PROBLEM DETAILS: After the line containing "3. board game box [112,18,419,439]", copy nothing more; up to and including it, copy every line of the listing exactly from the first, leaving out the pictures.

:: PROVIDED ENTRIES ::

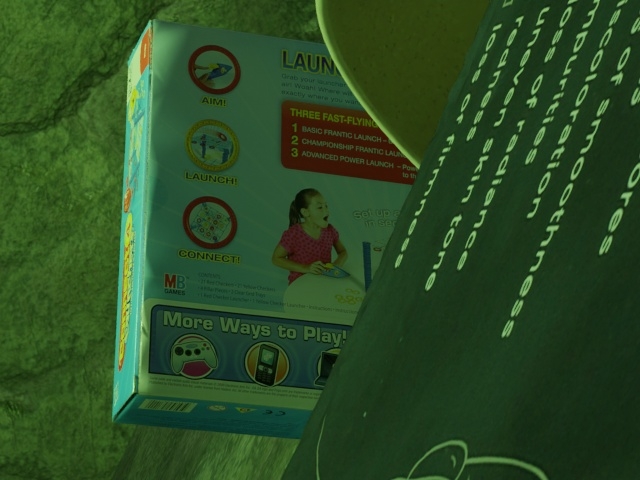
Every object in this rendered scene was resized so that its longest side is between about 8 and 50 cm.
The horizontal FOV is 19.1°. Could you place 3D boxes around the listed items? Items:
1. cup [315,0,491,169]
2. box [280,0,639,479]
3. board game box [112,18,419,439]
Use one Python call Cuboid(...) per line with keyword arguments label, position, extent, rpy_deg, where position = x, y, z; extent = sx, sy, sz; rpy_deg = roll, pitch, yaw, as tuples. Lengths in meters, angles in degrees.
Cuboid(label="cup", position=(0.197, -0.138, 1.131), extent=(0.237, 0.331, 0.331), rpy_deg=(-52, 7, -16))
Cuboid(label="box", position=(0.168, 0.127, 0.615), extent=(0.480, 0.297, 0.472), rpy_deg=(-66, 9, -6))
Cuboid(label="board game box", position=(0.000, 0.000, 1.482), extent=(0.086, 0.308, 0.302), rpy_deg=(132, 142, -63))
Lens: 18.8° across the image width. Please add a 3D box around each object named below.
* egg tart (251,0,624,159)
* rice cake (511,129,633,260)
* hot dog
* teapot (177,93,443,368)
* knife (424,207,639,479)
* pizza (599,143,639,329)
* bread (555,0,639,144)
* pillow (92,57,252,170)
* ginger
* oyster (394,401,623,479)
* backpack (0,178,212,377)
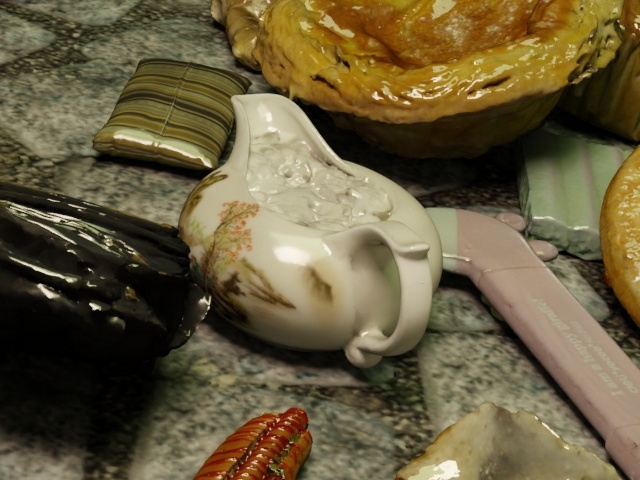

:::

SOLUTION FOR THIS TASK:
Every object in this rendered scene was resized so that its longest side is between about 8 and 50 cm.
The horizontal FOV is 19.1°. Could you place 3D boxes around the listed items? Items:
1. cup [315,0,491,169]
2. box [280,0,639,479]
3. board game box [112,18,419,439]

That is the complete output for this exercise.